Наследие:

Володя Липилин в «Зоне» Сергея Довлатова

3 сентября 2017

Сегодня исполняется 76 лет Сергею Донатовичу Довлатову. Самкульт печатает прекрасный рассказ Володи Липилина о том, как живет сегодня Зона в Коми.

Куст малины для Сергея Довлатова

Окно кухни выходит во двор. На треснувшем подоконнике дымчатый кот с поломанными усами, спичечный коробок, банка засахаренного варенья, складной нож, потрепанный численник и граненый стакан. В стакане, как пуговицы, маленькие (на погоны) звездочки. Они слиплись в комок. Заржавели. Не пригодились.

Окно кухни открыто. Людмила Петровна Быкова слышит с улицы голоса:
— Нет, нет и нет. Хотя так, как ты говоришь, тоже, конечно, можно.

Мужики ремонтируют мотоцикл с пухлыми колесами в человеческий рост.

Или:
— А вот дождик прошел, ну, такой, с пузырями в лужах, и плакать охота. От того, что пока еще живешь, — радостно сообщает пожилая дама.

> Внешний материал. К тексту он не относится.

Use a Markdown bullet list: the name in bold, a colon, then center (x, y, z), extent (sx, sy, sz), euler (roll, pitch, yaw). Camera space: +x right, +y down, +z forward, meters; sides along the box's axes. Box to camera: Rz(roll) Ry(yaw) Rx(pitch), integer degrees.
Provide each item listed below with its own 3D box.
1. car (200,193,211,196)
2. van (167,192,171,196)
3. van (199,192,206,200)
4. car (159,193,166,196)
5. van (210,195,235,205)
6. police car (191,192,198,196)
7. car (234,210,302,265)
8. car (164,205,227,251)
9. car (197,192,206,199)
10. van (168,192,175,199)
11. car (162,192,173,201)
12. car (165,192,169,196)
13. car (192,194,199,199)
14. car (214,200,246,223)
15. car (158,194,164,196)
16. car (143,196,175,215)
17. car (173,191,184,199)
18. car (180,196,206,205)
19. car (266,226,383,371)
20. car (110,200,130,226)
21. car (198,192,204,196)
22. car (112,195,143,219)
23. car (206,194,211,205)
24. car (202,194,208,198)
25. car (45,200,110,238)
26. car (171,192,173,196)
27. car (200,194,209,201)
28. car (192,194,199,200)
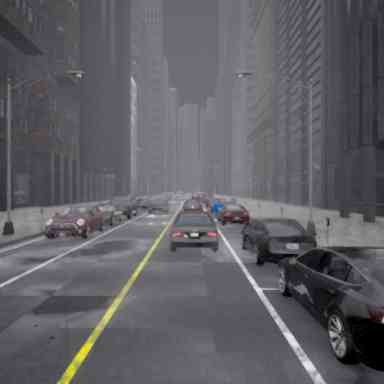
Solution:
- **car**: center (2.716, 1.358, 56.092), extent (1.802, 1.307, 4.206), euler (0, 0, 0)
- **van**: center (-5.819, 1.078, 67.290), extent (1.690, 1.788, 3.998), euler (0, 0, 0)
- **van**: center (2.692, 1.022, 84.137), extent (1.690, 1.788, 3.998), euler (0, 0, 0)
- **car**: center (-5.809, 1.357, 56.072), extent (1.802, 1.307, 4.206), euler (0, 0, 0)
- **van**: center (2.740, 1.223, 28.046), extent (1.690, 1.788, 3.998), euler (0, 0, 0)
- **police car**: center (0.838, 1.141, 73.589), extent (1.930, 1.638, 5.238), euler (0, 0, 0)
- **car**: center (2.754, 1.517, 11.220), extent (1.947, 1.339, 4.313), euler (0, 0, 0)
- **car**: center (0.084, 1.488, 13.772), extent (2.033, 1.411, 5.357), euler (0, 0, 0)
- **car**: center (2.683, 0.959, 95.355), extent (2.192, 1.841, 5.009), euler (0, 0, 0)
- **van**: center (-5.842, 0.985, 95.337), extent (1.690, 1.788, 3.998), euler (0, 0, 0)
- **car**: center (-5.828, 1.014, 78.509), extent (2.192, 1.841, 5.009), euler (0, 0, 0)
- **car**: center (-5.814, 1.282, 61.511), extent (1.752, 1.417, 4.829), euler (0, 0, 0)
- **car**: center (0.825, 1.189, 89.479), extent (1.812, 1.442, 4.674), euler (0, 0, 0)
- **car**: center (2.745, 1.449, 22.438), extent (1.887, 1.381, 4.507), euler (0, 0, 0)
- **car**: center (-5.804, 1.346, 50.462), extent (2.008, 1.369, 4.403), euler (0, 0, 0)
- **car**: center (-3.127, 1.410, 32.615), extent (2.033, 1.411, 5.357), euler (0, 0, 0)
- **car**: center (-3.062, 0.858, 73.506), extent (2.150, 2.045, 5.566), euler (0, 0, 0)
- **car**: center (0.069, 1.420, 34.264), extent (1.994, 1.385, 4.181), euler (0, 0, 0)
- **car**: center (2.759, 1.541, 5.610), extent (1.947, 1.339, 4.313), euler (0, 0, 0)
- **car**: center (-5.781, 1.455, 22.415), extent (2.008, 1.369, 4.403), euler (0, 0, 0)
- **car**: center (2.711, 1.071, 61.700), extent (2.192, 1.841, 5.009), euler (0, 0, 0)
- **car**: center (-5.785, 1.196, 28.024), extent (2.192, 1.841, 5.009), euler (0, 0, 0)
- **car**: center (2.735, 1.299, 33.655), extent (1.967, 1.590, 4.097), euler (0, 0, 0)
- **car**: center (2.726, 1.382, 44.874), extent (1.947, 1.339, 4.313), euler (0, 0, 0)
- **car**: center (-5.776, 1.367, 16.806), extent (1.967, 1.590, 4.097), euler (0, 0, 0)
- **car**: center (-5.823, 1.158, 72.900), extent (1.967, 1.590, 4.097), euler (0, 0, 0)
- **car**: center (2.702, 1.243, 73.089), extent (1.752, 1.417, 4.829), euler (0, 0, 0)
- **car**: center (0.830, 1.209, 83.479), extent (1.812, 1.442, 4.674), euler (0, 0, 0)

Это часть бабушкинской кодлы вышла на прогулку. У бабушек в поселке Чиньяворык ячейка внушительная. Они составляют костяк интеллигенции, но запрещают себя так называть. Не костяком, конечно. Интеллигенцией. В праздники бабушки танцуют фокстрот, поют романсы, а иногда просто плачут после 50 грамм выпитого. Потом устраивают потешное чтение — допустим, Пушкина на фене. Из нынешних аборигенов такое не под силу почти никому. Нынешние аборигены мелкие, у них, по выражению бабушек, только «бабломер в глазах и никакой отчаянной жизни. Чтоб наотмашь, чтобы вдрызг.

Мы приятельствуем с Людмилой Петровной уже второй день. У нее торжественная, как гимн, спина и всегда в кармане губнушка. Она обожает английский футбол и бокс (всякий). На «триколоре» на то и на другое имеет годовую подписку.

Людмила Петровна когда-то первая в этом краю прочла отрывки из повести «Зона». И обомлела. Писатель рассказал не только о местах, в которых она, по сути невольно, живет с 1963 года, а и о людях, с которыми она была знакома коротко, проводила рабочие беседы и пела нерабочие совсем песни.

«Имена, события, даты — все здесь подлинное. Выдумал я лишь те детали, которые несущественны. Поэтому всякое сходство между героями книги и живыми людьми является злонамеренным. А всякий художественный домысел — непредвиденным и случайным», — написал он в предисловии.

Это кажется эпатажной выходкой, как здесь говорят — понтом. Когда впервые читаешь «Зону», думаешь: надо же, какими звучными фамилиями наградил автор героев, не говоря уж о топонимах, которые вообще словно клички коронованных воров. Все эти Синдор, Чир, Иоссер.

Не может же это существовать на самом деле, даже у такого загадочного народа, как коми? Который, конечно, хитрый и поэтичный, который до сих пор использует для обогрева в том числе и тепло животных, ибо дома строит таким образом, что в нижней их части обитают овцы, козы, коровы, а вверху — они — волшебные коми-люди, пьющие для утоления жажды злющую протертую с солью и молоком редьку.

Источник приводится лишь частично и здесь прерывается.